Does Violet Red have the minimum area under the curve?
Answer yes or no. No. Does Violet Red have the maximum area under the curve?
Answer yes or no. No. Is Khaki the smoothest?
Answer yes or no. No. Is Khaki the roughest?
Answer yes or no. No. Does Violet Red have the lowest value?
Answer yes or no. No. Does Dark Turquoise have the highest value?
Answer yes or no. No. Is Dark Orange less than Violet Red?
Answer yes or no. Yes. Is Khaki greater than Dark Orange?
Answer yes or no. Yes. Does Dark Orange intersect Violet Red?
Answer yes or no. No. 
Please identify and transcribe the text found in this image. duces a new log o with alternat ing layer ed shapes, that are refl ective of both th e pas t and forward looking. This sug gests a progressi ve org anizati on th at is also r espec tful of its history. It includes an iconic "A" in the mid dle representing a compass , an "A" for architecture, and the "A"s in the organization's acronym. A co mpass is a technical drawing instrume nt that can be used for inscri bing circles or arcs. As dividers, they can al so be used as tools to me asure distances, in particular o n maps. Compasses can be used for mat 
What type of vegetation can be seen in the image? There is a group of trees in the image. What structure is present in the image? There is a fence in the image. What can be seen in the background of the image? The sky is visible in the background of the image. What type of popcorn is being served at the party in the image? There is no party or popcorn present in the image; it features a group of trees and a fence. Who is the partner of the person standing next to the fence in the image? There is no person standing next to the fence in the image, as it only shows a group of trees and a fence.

# # # # # # #

▸ **Task instructions**
Repeat the entries shown above, every one, word for word.

▸ **Expected output**
Does Violet Red have the minimum area under the curve?
Answer yes or no. No. Does Violet Red have the maximum area under the curve?
Answer yes or no. No. Is Khaki the smoothest?
Answer yes or no. No. Is Khaki the roughest?
Answer yes or no. No. Does Violet Red have the lowest value?
Answer yes or no. No. Does Dark Turquoise have the highest value?
Answer yes or no. No. Is Dark Orange less than Violet Red?
Answer yes or no. Yes. Is Khaki greater than Dark Orange?
Answer yes or no. Yes. Does Dark Orange intersect Violet Red?
Answer yes or no. No. 
Please identify and transcribe the text found in this image. duces a new log o with alternat ing layer ed shapes, that are refl ective of both th e pas t and forward looking. This sug gests a progressi ve org anizati on th at is also r espec tful of its history. It includes an iconic "A" in the mid dle representing a compass , an "A" for architecture, and the "A"s in the organization's acronym. A co mpass is a technical drawing instrume nt that can be used for inscri bing circles or arcs. As dividers, they can al so be used as tools to me asure distances, in particular o n maps. Compasses can be used for mat 
What type of vegetation can be seen in the image? There is a group of trees in the image. What structure is present in the image? There is a fence in the image. What can be seen in the background of the image? The sky is visible in the background of the image. What type of popcorn is being served at the party in the image? There is no party or popcorn present in the image; it features a group of trees and a fence. Who is the partner of the person standing next to the fence in the image? There is no person standing next to the fence in the image, as it only shows a group of trees and a fence.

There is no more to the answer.